Sin embargo, a mediados del siglo XX fue posible la creación en laboratorio de los diamantes sintéticos, es decir, de cristalización del carbono a altas presiones y temperaturas.

Este método utiliza presiones de entre 50 y 60 kbar y temperaturas de 1300° a 1600°C, que simulan las condiciones naturales en que la tierra formó los diamantes durante miles de años. Se conoce como HPHT, que significa High Pressure High Temperature.

Lo logró General Electric, y significó un importante mercado de estas piedras sintéticas, de baja calidad, para aplicaciones industriales y técnicas.

Hay otro método para crear diamantes en laboratorio: el CVP, o Chemical Vapor Deposition, que en español quiere decir método de deposición de vapor químico. Este procedimiento no requiere de grandes presiones ni temperaturas extremas.

Se utiliza el gas metano como fuente de carbono, mezclado con hidrógeno e ionizado mediante plasma. De este modo, los iones de carbono se depositan en una superficie y crean una fina capa de diamante.

Con ambos métodos se han logrado diamantes de calidad gema, y hoy por hoy muchas de las joyas y anillos solitarios lucen un diamante sintético. A partir sobre todo de 2005, la joyería ha visto crecer los catálogos con estas gemas creadas en laboratorio.

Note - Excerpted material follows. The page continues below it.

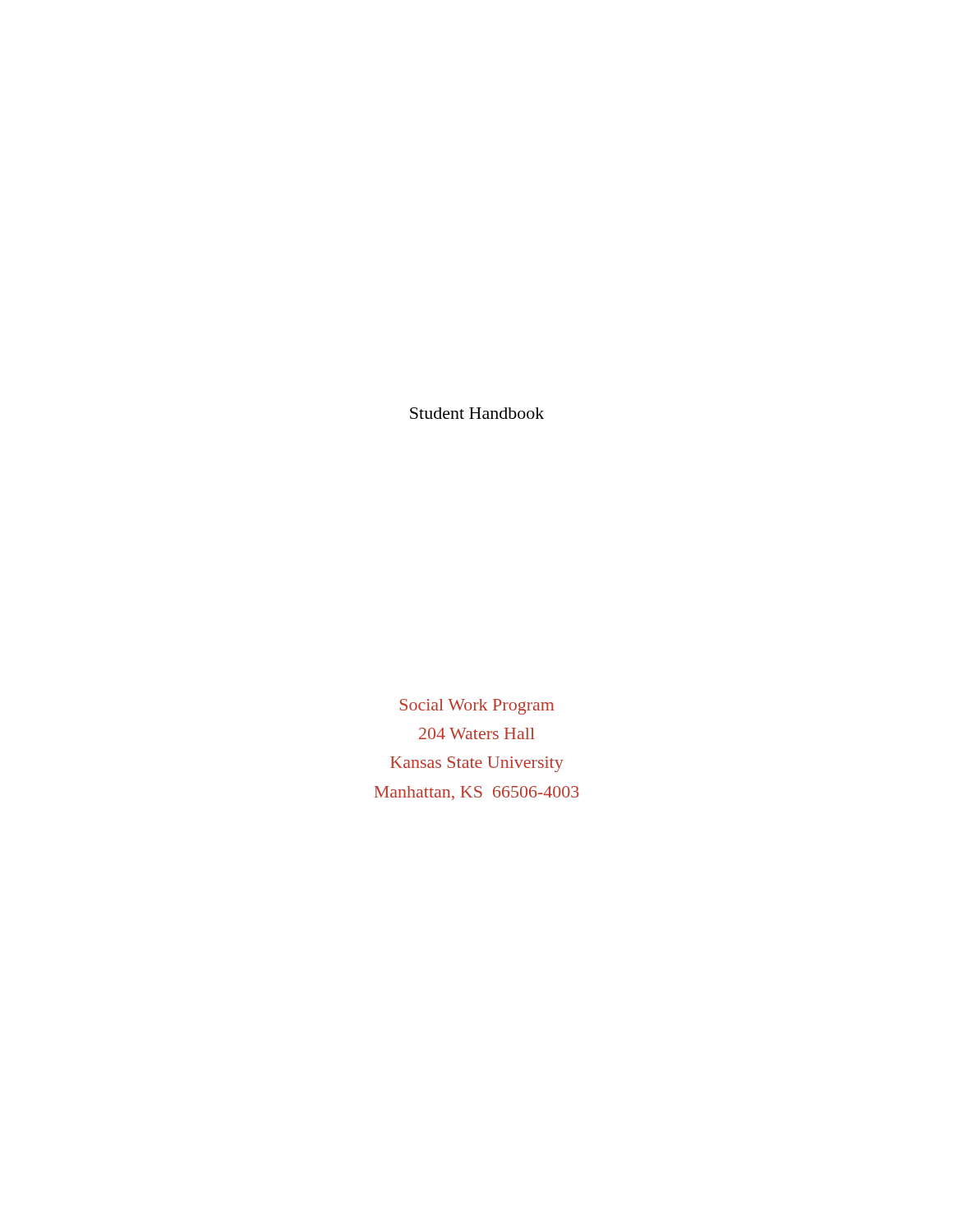Viewport: 953px width, 1232px height.
Task: Point to "Student Handbook"
Action: pyautogui.click(x=476, y=413)

Al principio, en los años 90, llegaron a ser más caros que un diamante natural, pero actualmente en promedio pueden costar entre un 30 a 40% menos que los naturales. Los expertos creen que a medida que el mercado ofrezca más diamantes sintéticos, los naturales bajarán también su precio.

Esto puede significar que un diamante siga estando en el dedo de una mujer y que no sea el resultado de una práctica ambiental y socialmente de alto impacto.

Si bien algunos ven estos diamantes como objetos menos valiosos o menos auténticos, la percepción general está cambiando para verlos como una verdadera alternativa, con menor precio y bajo impacto.

Son ya tan corrientes que los gemólogos pueden diferenciarlos entre sí aplicando algunos métodos. Si tienes dudas, siempre puedes enviar tu diamante a un laboratorio gemológico reconocido para que dictamine su pureza, su peso, talla y origen.